■ **Exercise objective**
Give the records again in full, exactly as they appear.

■ **Data to examine**
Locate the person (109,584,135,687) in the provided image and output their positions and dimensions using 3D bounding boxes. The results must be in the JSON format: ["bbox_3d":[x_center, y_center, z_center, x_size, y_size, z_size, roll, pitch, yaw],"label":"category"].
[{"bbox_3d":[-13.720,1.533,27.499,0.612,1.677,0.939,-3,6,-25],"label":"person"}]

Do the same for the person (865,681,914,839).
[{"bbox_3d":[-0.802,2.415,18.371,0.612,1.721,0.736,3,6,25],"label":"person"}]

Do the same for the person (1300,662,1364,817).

■ **Expected answer**
Locate the person (109,584,135,687) in the provided image and output their positions and dimensions using 3D bounding boxes. The results must be in the JSON format: ["bbox_3d":[x_center, y_center, z_center, x_size, y_size, z_size, roll, pitch, yaw],"label":"category"].
[{"bbox_3d":[-13.720,1.533,27.499,0.612,1.677,0.939,-3,6,-25],"label":"person"}]

Do the same for the person (865,681,914,839).
[{"bbox_3d":[-0.802,2.415,18.371,0.612,1.721,0.736,3,6,25],"label":"person"}]

Do the same for the person (1300,662,1364,817).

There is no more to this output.